● PROVIDED RECORDS:
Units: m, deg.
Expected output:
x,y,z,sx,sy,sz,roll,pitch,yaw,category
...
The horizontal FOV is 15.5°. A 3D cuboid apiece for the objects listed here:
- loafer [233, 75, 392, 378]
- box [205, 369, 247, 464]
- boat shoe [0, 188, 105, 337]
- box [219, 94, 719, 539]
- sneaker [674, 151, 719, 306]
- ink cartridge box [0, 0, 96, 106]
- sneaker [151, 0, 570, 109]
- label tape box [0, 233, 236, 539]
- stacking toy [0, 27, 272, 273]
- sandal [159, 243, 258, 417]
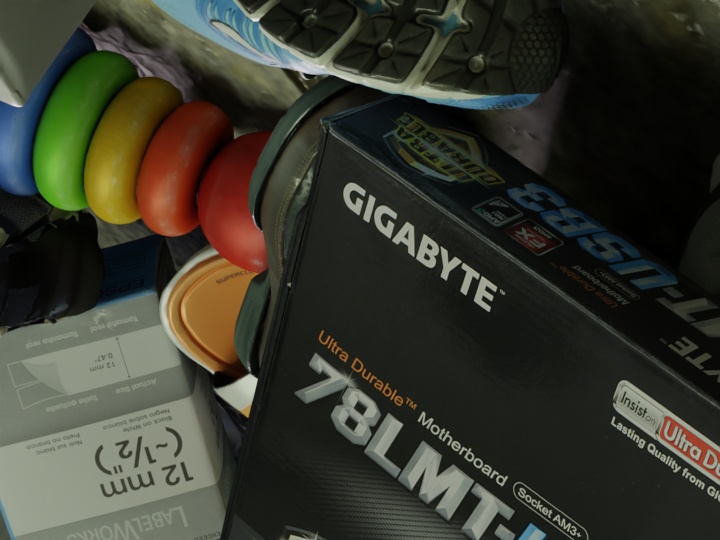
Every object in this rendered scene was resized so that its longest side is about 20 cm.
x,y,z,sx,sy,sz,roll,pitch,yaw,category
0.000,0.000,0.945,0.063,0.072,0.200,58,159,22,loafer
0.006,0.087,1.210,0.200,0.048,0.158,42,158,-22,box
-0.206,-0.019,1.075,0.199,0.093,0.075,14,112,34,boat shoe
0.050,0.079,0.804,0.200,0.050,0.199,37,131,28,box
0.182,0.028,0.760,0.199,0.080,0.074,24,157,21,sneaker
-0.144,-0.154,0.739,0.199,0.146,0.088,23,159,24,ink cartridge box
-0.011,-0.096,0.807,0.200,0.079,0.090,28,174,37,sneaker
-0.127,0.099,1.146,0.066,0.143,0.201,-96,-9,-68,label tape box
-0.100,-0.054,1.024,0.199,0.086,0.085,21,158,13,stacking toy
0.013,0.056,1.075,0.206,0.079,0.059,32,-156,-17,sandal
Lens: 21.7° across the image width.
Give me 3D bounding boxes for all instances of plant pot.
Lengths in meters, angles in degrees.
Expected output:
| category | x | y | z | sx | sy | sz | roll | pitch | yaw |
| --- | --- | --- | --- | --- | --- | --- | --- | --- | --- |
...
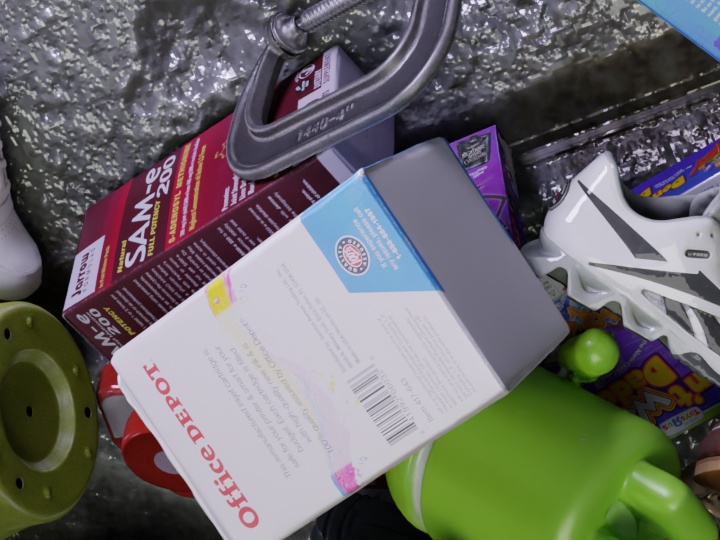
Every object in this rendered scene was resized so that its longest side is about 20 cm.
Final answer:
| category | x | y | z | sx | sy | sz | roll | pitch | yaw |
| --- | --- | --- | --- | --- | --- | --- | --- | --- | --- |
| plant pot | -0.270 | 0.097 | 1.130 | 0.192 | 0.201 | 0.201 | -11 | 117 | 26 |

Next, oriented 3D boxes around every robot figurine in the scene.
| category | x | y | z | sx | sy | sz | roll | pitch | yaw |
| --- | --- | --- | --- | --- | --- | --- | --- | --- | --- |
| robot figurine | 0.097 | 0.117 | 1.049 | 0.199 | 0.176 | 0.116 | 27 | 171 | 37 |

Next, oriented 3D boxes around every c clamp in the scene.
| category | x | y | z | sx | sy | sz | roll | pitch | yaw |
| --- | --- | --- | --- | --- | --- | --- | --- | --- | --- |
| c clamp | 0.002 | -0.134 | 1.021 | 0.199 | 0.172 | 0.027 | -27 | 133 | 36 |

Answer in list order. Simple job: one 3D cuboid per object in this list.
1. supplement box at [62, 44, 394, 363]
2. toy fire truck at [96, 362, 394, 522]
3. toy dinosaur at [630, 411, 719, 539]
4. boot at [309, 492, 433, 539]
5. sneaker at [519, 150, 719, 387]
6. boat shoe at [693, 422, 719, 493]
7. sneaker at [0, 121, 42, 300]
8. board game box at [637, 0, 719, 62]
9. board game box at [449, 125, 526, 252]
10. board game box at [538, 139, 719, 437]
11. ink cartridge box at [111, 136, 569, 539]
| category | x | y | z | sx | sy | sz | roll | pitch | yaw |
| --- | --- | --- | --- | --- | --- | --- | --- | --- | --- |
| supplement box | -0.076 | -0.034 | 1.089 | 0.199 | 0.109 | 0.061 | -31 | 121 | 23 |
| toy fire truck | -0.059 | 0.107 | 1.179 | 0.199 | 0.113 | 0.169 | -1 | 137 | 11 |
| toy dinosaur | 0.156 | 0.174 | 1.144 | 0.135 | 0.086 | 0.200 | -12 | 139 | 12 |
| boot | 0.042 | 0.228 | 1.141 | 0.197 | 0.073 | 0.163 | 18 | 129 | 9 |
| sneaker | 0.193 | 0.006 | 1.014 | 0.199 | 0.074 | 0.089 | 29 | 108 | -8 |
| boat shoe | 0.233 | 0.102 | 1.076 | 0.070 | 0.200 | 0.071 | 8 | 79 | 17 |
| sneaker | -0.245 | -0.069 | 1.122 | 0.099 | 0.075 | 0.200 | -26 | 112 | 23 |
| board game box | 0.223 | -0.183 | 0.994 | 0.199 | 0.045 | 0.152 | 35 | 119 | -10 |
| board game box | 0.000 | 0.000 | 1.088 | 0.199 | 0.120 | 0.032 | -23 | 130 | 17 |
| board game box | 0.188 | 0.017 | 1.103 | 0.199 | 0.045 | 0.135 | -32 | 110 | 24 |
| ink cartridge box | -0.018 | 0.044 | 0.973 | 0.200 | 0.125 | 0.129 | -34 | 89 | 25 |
...
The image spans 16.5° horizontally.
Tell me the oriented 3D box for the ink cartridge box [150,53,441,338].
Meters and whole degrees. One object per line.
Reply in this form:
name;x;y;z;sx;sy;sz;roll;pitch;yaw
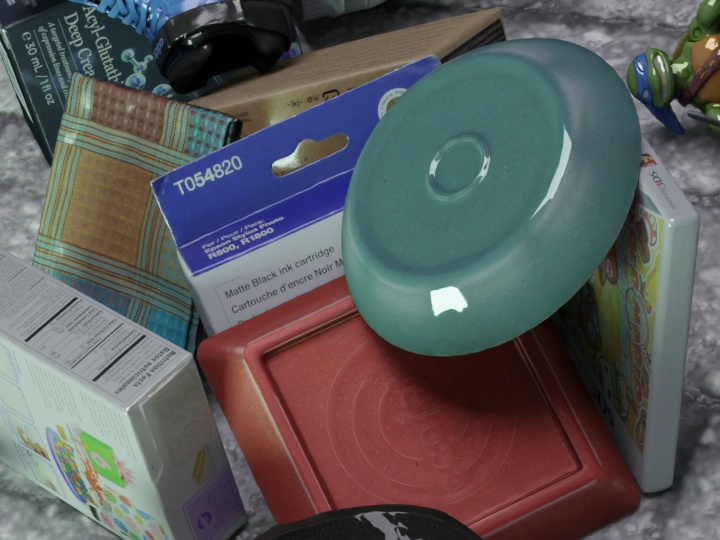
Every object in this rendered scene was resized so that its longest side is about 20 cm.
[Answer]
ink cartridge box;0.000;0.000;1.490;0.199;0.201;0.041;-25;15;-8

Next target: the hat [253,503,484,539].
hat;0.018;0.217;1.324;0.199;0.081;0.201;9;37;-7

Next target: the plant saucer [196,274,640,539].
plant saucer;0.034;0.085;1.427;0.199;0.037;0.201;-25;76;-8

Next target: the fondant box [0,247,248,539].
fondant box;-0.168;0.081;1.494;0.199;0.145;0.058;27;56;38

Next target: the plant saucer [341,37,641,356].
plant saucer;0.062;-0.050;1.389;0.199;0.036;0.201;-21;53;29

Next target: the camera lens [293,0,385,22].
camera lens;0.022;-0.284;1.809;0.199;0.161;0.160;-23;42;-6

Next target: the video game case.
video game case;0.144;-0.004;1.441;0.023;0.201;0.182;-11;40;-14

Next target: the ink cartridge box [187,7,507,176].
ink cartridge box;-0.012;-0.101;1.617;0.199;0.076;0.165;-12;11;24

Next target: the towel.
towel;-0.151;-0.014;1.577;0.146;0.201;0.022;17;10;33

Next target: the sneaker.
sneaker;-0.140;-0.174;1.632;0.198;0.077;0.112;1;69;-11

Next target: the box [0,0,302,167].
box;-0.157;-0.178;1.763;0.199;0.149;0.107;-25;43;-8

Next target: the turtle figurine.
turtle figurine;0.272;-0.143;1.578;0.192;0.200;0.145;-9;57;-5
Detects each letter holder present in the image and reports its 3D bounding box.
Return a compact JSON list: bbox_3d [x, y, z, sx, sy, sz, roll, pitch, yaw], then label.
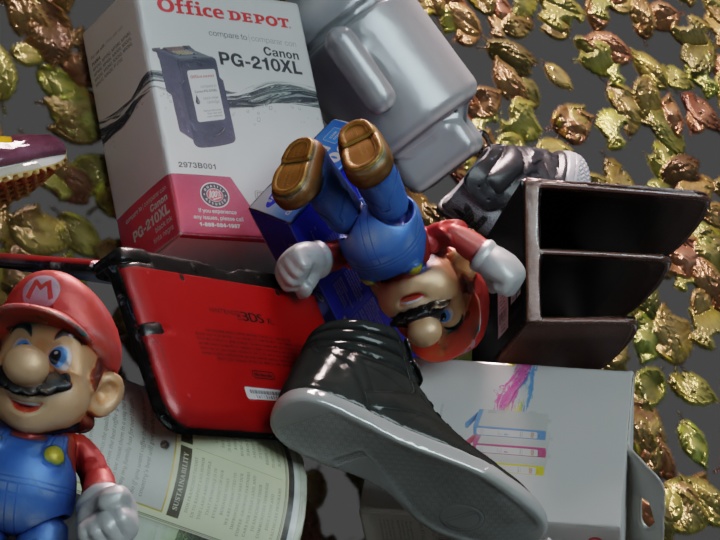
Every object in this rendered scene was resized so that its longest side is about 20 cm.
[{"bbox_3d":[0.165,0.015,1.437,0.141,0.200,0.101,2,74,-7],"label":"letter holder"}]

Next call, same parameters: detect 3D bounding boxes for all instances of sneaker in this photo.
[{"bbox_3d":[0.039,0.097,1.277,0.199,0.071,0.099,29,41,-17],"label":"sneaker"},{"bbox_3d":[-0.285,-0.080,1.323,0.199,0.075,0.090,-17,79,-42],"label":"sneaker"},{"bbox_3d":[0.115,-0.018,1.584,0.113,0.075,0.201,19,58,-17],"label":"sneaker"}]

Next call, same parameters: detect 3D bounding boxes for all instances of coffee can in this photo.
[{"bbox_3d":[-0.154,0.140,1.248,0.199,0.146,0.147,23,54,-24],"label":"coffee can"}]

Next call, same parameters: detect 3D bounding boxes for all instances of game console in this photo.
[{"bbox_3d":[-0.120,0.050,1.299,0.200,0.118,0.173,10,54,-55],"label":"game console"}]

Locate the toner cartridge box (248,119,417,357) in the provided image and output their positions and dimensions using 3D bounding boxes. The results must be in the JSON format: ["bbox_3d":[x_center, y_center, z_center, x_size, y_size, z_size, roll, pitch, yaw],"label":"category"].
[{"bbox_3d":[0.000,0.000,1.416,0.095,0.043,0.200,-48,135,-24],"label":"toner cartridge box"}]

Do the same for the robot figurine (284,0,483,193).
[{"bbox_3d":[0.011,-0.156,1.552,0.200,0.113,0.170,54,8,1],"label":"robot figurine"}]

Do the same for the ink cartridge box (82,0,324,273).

● WHAT YOU SHOULD DO: The lines of the records that contain the string "cuboid" should be located and copied.

● EXERCISE SOLUTION:
The horizontal FOV is 15.5°. A 3D cuboid apiece for the objects listed here:
Answer in list order. Simple job: one 3D cuboid per object in this list.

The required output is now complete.